Los lideres que han sabido cultivar esa seguridad psicológica son lideres más accesibles con una mentalidad más abierta, conocedores de la importancia de cuidar las relaciones interpersonales y fomentan el desarrollo y el crecimiento de las personas más allá de lo estrictamente profesional.
¿Qué otras medidas podemos tomar para protegernos?
Ahora que ya sabemos cómo generar un entorno de seguridad psicológica entre nuestros colaboradores, qué más podemos aportar para reconocer y evitar un posible burnout, y garantizar un clima de confianza en la clínica.
- Asegurarnos de que nuestro lugar de trabajo sea acogedor y seguro para todos, evitando situaciones de intimidación, acoso o discriminación por parte del propio equipo o de un cliente.
- Ofrecer vías de comunicación donde los equipos veterinarios puedan hablar o debatir de sus problemas personales o laborables, en un entorno de confidencialidad, sin temor a ser juzgados, donde los supervisores les brinden todo su apoyo.
- Crear horarios favorables. Los veterinarios sentimos la presión de estar disponibles 24/7. Si establecemos unos límites fomentando unos horarios que ayuden a la conciliación laboral y familiar, aportando un tiempo libre de mejor calidad, evitaremos agotamiento y estrés excesivo.
- Apoyo emocional: Los veterinarios también necesitamos esa figura que podemos definirla como el líder emocional. Ese compañero, colega, amigo, mentor que nos muestra siempre ese apoyo emocional que nos ayuda afrontar desafíos y dificultades que nos encontramos en el día a día.
- Practicar la autocompasión: Los veterinarios solemos ser muy críticos con nosotros mismos, y sentirnos culpables y mal cuando algo no ha salido como esperábamos.

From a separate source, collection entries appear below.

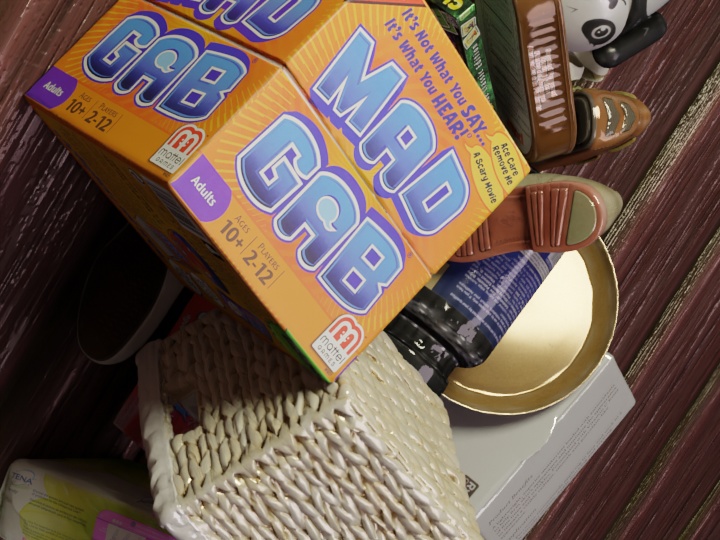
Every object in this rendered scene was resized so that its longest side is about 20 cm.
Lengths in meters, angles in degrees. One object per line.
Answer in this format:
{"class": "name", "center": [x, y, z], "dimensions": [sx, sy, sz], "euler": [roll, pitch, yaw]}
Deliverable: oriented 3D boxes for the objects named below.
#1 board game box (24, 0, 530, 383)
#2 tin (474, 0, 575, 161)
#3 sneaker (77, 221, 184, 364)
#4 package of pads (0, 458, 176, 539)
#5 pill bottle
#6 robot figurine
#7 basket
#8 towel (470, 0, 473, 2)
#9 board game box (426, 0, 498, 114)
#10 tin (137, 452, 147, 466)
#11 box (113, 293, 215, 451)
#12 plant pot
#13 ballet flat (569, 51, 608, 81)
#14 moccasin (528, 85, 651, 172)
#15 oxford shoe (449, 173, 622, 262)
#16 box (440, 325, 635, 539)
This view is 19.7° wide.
{"class": "board game box", "center": [-0.054, -0.090, 1.361], "dimensions": [0.200, 0.200, 0.200], "euler": [-47, 129, -11]}
{"class": "tin", "center": [0.124, -0.177, 1.607], "dimensions": [0.042, 0.112, 0.201], "euler": [-16, 126, -6]}
{"class": "sneaker", "center": [-0.132, -0.015, 1.519], "dimensions": [0.085, 0.073, 0.201], "euler": [17, 106, -57]}
{"class": "package of pads", "center": [-0.161, 0.200, 1.581], "dimensions": [0.154, 0.199, 0.069], "euler": [9, 97, -57]}
{"class": "pill bottle", "center": [0.084, 0.008, 1.715], "dimensions": [0.200, 0.112, 0.112], "euler": [-53, 152, -10]}
{"class": "robot figurine", "center": [0.207, -0.260, 1.683], "dimensions": [0.200, 0.151, 0.125], "euler": [-36, 175, -30]}
{"class": "basket", "center": [-0.035, 0.132, 1.452], "dimensions": [0.160, 0.199, 0.200], "euler": [-32, 123, 11]}
{"class": "towel", "center": [0.086, -0.276, 1.606], "dimensions": [0.086, 0.018, 0.201], "euler": [-28, 142, -39]}
{"class": "board game box", "center": [0.060, -0.163, 1.603], "dimensions": [0.023, 0.105, 0.200], "euler": [-40, 148, -13]}
{"class": "tin", "center": [-0.116, 0.147, 1.758], "dimensions": [0.200, 0.042, 0.112], "euler": [-40, 153, -22]}
{"class": "box", "center": [-0.088, 0.062, 1.596], "dimensions": [0.200, 0.095, 0.103], "euler": [-56, 169, 24]}
{"class": "plant pot", "center": [0.122, 0.025, 1.787], "dimensions": [0.200, 0.200, 0.027], "euler": [-47, 178, -10]}
{"class": "ballet flat", "center": [0.170, -0.185, 1.771], "dimensions": [0.199, 0.071, 0.069], "euler": [-23, 135, -43]}
{"class": "moccasin", "center": [0.167, -0.120, 1.738], "dimensions": [0.077, 0.201, 0.074], "euler": [-2, 83, -29]}
{"class": "oxford shoe", "center": [0.111, -0.045, 1.641], "dimensions": [0.074, 0.199, 0.071], "euler": [-19, 113, -59]}
{"class": "box", "center": [0.106, 0.117, 1.879], "dimensions": [0.199, 0.200, 0.131], "euler": [-49, 152, -6]}

Tratarnos con amabilidad, cariño y compasión nos ayuda a protegernos de esas críticas, a veces desmesurada, que puedan llegar por parte de nuestros clientes.
- Proporcionar recursos de autocuidado, del manejo del estrés como pueden ser técnicas de relajación, meditación, mindfulness… para mejorar el bienestar emocional.
- Buscar ayuda profesional: Los veterinarios constantemente estamos lidiando con enfermedades y patologías de nuestros pacientes. Eso hace que en muchas ocasiones pequemos de exceso de empatía con nuestros clientes. Un terapeuta que nos ayude o nos proporcione herramientas para mantener nuestra salud mental sana nos mantendrá estables y nos ayudará aun si cabe, a amar más nuestra profesión.
Construir un entorno donde todos nos sintamos seguros psicológicamente no es algo exigido por ley a los lideres, managers o empleadores, pero quienes cultivan ese entorno obtienen grandes beneficios personales y colectivos. No es algo que se construya en un día. Requiere de pequeños pasos. Pero la recompensa es tan grande que vale la pena poner esa primera piedra.
“No vive el que no vive seguro”. (Francisco de Quevedo).